There is some ambivalence as to Cyril’s posthumous status in Orthodoxy. The Patriarchate of Alexandria recognized him as a saint and martyr, but the other Orthodox jurisdictions have yet to accept this judgment of Cyril. I found several convoluted attempts to prove that Cyril was falsely accused of being a Protestant. In light of the absence of evidence that Cyril’s Confession was a forgery along with the absence of any evidence of Cyril disavowing the Confession, I lean towards Cyril’s 1629 Confession as a genuine evidence of Cyril’s having embraced the Reformed faith. I also find it noteworthy that two prominent scholars—Metropolitan Kallistos Ware and Yale professor Jaroslav Pelikan—assumed Cyril to be the author of the 1629 Confession. However, the main focus of this article will be the 1672 Synod’s response to Reformed theology rather than the status of Cyril Lucaris’ beliefs.

 

The Confession of Dositheus

The Jerusalem Synod was convened in 1672 to respond to the controversy generated by Cyril’s Confession. It met 108 years after Calvin’s death and not long after the Reformed tradition had drawn up two major doctrinal statements: the Canons of Dort (1619) and the Westminster Confession (1646). In other words, the Synod was addressing Calvinism at a time when it had attained mature expression. The Jerusalem Synod issued the Confession of Dositheus which explicitly condemned the teachings of John Calvin. The document took its name from Dositheus Notaras, the Patriarch of Jerusalem who presided over the Synod.

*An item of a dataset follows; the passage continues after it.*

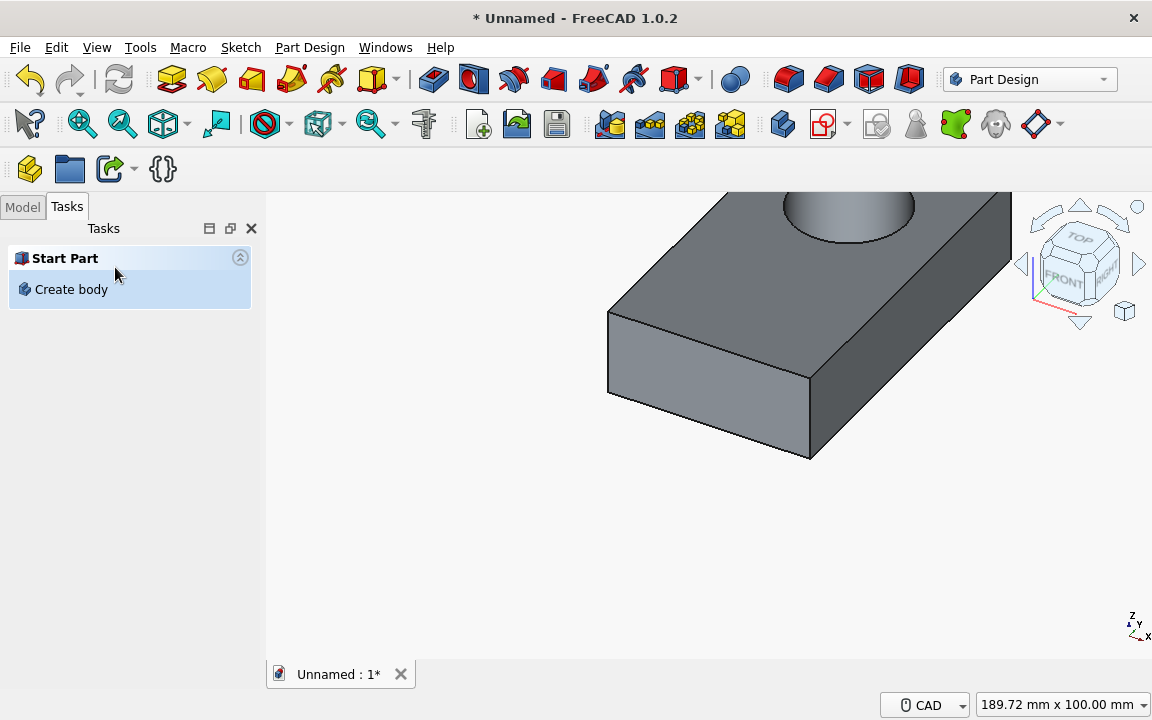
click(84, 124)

The Confession of Dositheus consists of: an opening paragraph, eighteen decrees, four questions, and an epilogue. The Confession in no uncertain terms denounced John Calvin and the Reformed tradition.

. . . but would be the Church of the malignant {Psalm 25:5} as it is obvious the church of the heretics undoubtedly is, and especially that of Calvin, who are not ashamed to learn from the Church, and then to wickedly repudiate her. (Decree 2; Leith p. 487)

Here the Orthodox synod recognized Calvin’s acquaintance with the Church Fathers then it criticized him for abandoning the patristic consensus. Even more striking is the strong language used to describe the Reformed tradition as the “church of the heretics.” Also notable is the specificity of the document’s language.  Cyril Lucaris is mentioned by name three times: in Decree 10 (Leith p. 492), Question 4 (Leith p. 515), and the Epilogue (Leith p. 516). Calvin is mentioned by name once in Decree 2 (Leith p. 487), and the Calvinists twice: in Decree 10 (Leith p. 492) and in Question 4 (Leith p. 513).

 

Sola Scriptura

Conservative Protestants and Evangelicals will be happy to find that in Decree 2, the Orthodox Church affirms the divine inspiration and infallibility of Scripture. However, they will find that the Synod repudiated the Protestant tenet of sola scriptura (the Bible alone), insisting that the Bible must be understood in light of how the Church interpreted the Bible.

We believe the Divine and Sacred Scriptures to be God-taught; and, therefore, we ought to believe the same without doubting; yet not otherwise than as the Catholic Church has interpreted and delivered the same. (Leith p. 486)

The Synod warned that without the Church’s teaching authority, the consequences will be men interpreting the Bible from their own standpoint, thereby opening the way for heresy, theological fragmentation, and denominationalism.

For if [we were to accept Scriptures] otherwise, each man holding every day a different sense concerning them, the Catholic Church [i.e., the Orthodox Church] would not by the grace of Christ continue to be the Church until this day, holding the same doctrine of faith, and always identically and steadfastly believing. But rather she would be torn into innumerable parties, and subject to heresies. (Leith p. 486)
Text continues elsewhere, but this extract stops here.